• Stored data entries
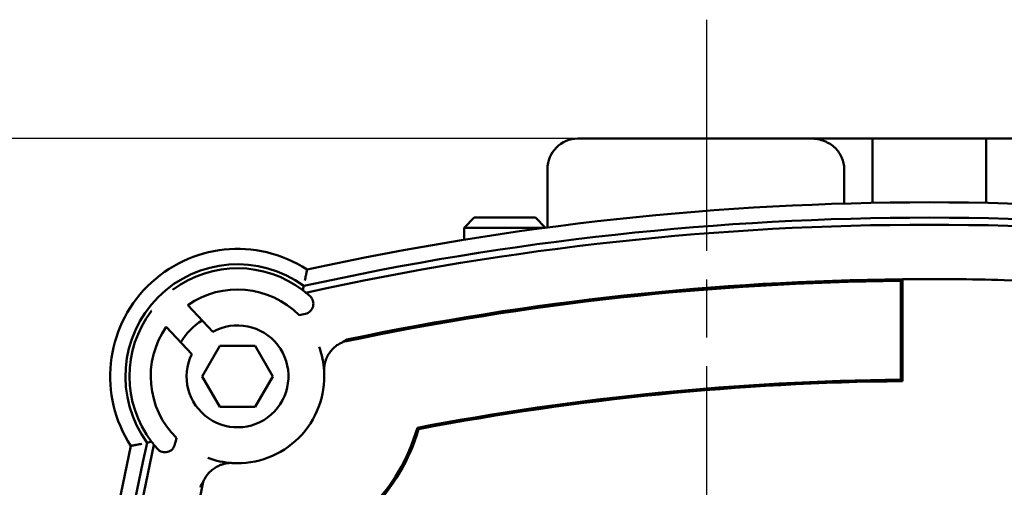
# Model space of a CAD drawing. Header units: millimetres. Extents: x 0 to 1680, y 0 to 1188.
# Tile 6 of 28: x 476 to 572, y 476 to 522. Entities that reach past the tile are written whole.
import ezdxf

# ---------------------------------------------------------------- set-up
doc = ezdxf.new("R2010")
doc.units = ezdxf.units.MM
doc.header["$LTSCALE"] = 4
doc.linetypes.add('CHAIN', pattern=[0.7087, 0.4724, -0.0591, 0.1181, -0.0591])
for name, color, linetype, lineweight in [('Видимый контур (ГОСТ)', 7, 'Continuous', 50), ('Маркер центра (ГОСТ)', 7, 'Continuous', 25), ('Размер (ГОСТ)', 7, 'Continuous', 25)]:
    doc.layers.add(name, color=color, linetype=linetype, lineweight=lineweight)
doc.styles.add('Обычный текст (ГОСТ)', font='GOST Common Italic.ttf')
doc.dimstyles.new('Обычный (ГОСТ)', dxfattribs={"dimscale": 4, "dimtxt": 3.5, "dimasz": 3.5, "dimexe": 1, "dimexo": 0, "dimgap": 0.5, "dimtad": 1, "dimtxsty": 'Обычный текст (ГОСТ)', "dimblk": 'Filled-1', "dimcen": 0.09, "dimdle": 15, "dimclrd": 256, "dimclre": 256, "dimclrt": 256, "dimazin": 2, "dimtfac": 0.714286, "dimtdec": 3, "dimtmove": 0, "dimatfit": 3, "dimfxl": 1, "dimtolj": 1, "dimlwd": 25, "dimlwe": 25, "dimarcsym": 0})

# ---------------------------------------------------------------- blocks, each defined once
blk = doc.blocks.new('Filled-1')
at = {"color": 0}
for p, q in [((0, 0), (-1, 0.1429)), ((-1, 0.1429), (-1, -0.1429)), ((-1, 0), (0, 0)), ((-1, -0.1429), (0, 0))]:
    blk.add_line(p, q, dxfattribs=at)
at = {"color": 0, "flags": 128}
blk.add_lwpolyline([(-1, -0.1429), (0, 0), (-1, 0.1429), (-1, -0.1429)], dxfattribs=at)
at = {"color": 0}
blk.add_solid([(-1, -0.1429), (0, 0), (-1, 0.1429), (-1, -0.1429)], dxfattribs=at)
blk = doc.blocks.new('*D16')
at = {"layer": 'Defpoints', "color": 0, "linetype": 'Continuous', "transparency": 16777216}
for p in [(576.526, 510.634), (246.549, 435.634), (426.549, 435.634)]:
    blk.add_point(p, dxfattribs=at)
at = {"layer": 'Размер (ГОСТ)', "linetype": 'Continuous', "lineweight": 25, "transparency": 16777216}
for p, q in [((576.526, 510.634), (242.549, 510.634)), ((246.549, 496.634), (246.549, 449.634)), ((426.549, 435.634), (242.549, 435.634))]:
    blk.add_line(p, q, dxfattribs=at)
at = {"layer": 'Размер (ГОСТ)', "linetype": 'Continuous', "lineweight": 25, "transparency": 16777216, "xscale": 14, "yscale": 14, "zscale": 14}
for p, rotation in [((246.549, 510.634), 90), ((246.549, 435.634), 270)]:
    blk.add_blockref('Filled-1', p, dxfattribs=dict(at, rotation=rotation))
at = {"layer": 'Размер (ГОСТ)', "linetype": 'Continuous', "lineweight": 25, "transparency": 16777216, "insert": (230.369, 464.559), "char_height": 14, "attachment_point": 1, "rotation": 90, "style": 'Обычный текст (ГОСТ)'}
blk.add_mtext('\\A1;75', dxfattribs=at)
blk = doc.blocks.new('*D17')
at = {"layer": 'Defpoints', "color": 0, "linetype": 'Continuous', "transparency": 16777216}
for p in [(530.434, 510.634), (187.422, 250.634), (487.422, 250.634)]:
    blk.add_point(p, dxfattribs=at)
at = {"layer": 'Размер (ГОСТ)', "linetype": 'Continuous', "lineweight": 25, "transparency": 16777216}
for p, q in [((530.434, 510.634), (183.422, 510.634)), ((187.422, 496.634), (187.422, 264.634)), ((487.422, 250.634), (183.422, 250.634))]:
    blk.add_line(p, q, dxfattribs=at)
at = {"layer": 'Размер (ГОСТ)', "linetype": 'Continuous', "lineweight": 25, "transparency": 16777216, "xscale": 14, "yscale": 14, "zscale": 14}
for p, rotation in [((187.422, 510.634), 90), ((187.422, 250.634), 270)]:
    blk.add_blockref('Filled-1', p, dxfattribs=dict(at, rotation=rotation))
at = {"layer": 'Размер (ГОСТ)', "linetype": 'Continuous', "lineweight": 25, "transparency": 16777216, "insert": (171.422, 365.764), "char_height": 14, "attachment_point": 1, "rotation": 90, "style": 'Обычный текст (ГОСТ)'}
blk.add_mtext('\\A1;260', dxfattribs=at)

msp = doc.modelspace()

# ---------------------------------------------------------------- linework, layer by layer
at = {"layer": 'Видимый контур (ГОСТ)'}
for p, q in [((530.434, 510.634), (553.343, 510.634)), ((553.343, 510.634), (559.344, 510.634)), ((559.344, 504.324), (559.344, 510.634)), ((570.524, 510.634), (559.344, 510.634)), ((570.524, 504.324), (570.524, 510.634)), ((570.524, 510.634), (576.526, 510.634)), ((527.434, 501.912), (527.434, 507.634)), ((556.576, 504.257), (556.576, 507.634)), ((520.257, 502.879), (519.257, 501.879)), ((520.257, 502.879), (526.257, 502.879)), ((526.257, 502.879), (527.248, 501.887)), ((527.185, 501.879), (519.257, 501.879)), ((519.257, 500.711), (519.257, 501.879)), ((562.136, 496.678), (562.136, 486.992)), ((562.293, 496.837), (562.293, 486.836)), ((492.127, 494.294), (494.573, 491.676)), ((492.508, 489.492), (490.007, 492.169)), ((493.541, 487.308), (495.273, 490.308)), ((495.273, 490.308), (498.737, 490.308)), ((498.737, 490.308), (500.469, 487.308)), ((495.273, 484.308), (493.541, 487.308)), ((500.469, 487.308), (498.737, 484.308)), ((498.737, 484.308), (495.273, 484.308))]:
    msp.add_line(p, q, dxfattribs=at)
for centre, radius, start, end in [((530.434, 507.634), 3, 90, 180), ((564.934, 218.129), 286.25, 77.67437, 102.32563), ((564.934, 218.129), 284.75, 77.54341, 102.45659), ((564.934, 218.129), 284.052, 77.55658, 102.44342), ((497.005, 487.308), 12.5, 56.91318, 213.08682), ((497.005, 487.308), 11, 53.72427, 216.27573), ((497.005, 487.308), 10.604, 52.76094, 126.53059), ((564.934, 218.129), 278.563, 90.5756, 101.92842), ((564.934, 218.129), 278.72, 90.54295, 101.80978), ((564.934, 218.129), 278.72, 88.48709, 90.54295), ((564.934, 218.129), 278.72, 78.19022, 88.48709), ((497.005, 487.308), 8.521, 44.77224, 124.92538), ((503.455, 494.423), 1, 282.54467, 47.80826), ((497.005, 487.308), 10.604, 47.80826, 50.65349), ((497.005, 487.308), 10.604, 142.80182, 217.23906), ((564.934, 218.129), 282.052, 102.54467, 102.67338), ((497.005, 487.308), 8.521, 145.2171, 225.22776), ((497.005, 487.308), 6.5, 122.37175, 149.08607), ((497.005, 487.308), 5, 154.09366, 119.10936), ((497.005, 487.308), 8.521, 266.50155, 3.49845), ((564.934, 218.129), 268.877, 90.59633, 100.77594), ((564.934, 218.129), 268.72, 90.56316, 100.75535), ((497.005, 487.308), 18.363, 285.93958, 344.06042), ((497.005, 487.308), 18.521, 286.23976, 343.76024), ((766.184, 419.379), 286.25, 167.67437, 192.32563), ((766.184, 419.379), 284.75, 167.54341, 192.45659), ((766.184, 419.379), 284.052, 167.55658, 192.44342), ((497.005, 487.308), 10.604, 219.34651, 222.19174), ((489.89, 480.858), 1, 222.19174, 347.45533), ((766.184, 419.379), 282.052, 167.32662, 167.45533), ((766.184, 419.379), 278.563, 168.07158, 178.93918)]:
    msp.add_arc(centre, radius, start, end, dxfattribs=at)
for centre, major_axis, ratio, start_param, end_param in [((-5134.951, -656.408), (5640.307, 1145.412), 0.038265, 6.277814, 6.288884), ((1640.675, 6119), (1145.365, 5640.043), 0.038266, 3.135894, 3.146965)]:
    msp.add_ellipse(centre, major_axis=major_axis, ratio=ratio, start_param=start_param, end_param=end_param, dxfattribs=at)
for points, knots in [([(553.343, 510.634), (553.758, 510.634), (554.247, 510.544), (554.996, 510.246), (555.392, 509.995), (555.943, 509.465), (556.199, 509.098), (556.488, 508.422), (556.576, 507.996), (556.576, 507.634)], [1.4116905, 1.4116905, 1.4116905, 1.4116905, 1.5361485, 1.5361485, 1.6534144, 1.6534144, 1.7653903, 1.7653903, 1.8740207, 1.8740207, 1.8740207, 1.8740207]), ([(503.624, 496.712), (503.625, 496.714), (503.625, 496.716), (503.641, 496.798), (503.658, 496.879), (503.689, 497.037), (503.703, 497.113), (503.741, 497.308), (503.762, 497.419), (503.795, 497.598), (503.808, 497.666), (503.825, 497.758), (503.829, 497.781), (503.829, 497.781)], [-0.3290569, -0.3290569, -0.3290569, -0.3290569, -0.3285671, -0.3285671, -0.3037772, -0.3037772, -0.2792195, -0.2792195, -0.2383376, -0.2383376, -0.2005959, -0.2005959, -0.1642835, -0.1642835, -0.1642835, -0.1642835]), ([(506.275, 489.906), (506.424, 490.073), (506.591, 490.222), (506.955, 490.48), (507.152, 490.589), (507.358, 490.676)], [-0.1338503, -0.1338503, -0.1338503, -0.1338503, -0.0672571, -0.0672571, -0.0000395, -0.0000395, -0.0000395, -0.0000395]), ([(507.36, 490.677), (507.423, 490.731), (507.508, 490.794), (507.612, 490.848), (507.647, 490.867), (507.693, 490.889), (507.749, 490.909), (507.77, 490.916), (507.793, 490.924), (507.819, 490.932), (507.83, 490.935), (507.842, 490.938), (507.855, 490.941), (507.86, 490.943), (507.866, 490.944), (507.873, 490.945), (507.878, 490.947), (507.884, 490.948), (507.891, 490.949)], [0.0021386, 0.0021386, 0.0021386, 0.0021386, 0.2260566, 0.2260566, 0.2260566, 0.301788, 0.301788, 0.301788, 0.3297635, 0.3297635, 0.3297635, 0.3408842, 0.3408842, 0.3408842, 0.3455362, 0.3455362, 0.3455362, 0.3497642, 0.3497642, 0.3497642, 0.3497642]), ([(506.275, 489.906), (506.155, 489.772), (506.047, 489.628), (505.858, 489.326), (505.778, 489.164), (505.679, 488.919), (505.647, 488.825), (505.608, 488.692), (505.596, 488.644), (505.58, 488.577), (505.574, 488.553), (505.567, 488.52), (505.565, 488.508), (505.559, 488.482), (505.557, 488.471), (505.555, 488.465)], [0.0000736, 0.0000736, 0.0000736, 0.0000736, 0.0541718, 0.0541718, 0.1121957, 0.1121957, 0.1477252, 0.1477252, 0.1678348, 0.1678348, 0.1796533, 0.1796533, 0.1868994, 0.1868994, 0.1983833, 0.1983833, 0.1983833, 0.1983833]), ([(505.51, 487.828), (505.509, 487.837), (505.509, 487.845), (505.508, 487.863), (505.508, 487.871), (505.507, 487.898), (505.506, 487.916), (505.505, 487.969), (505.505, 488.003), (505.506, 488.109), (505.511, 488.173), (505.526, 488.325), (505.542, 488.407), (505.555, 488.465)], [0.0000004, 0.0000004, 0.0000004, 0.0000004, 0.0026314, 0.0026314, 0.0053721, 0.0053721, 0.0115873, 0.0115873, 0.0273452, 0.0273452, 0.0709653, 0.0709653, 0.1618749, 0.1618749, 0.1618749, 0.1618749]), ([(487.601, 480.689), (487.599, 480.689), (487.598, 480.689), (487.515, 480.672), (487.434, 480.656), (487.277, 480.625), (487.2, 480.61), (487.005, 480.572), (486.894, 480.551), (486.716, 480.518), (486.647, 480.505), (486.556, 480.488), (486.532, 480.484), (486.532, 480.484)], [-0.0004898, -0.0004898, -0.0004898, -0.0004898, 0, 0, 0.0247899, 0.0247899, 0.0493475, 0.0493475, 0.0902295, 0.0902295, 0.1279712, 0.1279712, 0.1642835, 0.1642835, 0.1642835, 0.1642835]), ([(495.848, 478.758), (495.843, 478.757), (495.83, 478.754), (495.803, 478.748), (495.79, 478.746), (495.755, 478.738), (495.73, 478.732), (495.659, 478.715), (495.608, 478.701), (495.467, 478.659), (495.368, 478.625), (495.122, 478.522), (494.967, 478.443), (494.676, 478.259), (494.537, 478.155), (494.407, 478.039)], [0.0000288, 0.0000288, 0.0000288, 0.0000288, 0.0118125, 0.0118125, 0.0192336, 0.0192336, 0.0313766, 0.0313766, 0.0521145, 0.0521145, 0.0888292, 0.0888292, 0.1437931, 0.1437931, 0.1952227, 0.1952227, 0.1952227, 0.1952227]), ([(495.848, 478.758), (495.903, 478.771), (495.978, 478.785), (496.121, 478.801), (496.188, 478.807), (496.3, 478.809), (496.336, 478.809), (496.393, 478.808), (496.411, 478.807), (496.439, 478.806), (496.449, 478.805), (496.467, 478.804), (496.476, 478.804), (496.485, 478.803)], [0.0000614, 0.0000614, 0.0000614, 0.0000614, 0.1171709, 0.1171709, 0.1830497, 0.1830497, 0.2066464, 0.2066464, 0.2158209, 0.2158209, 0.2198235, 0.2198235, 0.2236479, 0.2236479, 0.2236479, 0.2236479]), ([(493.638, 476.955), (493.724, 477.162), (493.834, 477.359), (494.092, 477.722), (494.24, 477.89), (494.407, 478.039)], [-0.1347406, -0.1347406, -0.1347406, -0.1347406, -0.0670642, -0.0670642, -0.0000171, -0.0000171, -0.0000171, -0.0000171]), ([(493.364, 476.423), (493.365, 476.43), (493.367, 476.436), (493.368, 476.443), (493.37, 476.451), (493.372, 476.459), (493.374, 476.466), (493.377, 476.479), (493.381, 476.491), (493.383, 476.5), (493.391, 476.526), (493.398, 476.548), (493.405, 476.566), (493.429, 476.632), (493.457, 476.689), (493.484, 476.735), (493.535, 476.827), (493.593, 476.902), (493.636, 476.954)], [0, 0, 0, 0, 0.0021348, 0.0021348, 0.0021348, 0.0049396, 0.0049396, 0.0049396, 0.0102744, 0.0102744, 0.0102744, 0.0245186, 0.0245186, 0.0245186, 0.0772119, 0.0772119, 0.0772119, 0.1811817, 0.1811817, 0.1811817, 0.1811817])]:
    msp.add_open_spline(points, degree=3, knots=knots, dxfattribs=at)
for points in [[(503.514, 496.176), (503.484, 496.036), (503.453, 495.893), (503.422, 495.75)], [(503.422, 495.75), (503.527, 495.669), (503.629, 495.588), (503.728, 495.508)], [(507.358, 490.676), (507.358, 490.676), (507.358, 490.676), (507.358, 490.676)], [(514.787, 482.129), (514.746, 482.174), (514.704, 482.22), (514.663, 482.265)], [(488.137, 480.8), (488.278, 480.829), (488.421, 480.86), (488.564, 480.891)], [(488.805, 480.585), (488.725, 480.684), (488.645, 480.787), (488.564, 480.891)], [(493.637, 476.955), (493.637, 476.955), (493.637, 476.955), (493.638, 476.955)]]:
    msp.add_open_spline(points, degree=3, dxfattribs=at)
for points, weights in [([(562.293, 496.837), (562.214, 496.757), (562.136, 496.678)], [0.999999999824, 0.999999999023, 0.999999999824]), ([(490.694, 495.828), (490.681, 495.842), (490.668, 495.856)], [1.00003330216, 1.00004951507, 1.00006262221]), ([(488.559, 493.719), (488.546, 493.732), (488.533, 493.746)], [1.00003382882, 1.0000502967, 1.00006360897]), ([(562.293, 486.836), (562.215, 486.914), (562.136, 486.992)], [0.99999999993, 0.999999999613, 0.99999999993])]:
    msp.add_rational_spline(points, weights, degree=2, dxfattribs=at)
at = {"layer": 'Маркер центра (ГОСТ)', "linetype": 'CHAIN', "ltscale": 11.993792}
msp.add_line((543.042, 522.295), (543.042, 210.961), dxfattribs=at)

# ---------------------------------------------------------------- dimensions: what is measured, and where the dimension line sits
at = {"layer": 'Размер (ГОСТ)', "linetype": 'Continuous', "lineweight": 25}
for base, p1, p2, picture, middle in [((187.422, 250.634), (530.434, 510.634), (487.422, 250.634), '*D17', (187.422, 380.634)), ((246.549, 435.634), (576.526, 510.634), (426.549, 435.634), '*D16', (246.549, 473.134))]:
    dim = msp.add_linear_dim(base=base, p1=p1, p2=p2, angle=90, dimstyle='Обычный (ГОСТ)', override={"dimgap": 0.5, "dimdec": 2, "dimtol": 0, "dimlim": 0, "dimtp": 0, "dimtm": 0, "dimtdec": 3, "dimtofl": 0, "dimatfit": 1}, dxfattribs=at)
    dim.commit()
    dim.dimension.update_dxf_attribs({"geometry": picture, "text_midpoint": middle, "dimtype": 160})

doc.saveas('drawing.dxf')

• PROBLEM DETAILS
Restate word for word only the lines from where the entries begin through the one with "-0.0591, 0.1181, -0.0591])"; omit the pictures.

• EXERCISE RESPONSE
# Model space of a CAD drawing. Header units: millimetres. Extents: x 0 to 1680, y 0 to 1188.
# Tile 6 of 28: x 476 to 572, y 476 to 522. Entities that reach past the tile are written whole.
import ezdxf

# ---------------------------------------------------------------- set-up
doc = ezdxf.new("R2010")
doc.units = ezdxf.units.MM
doc.header["$LTSCALE"] = 4
doc.linetypes.add('CHAIN', pattern=[0.7087, 0.4724, -0.0591, 0.1181, -0.0591])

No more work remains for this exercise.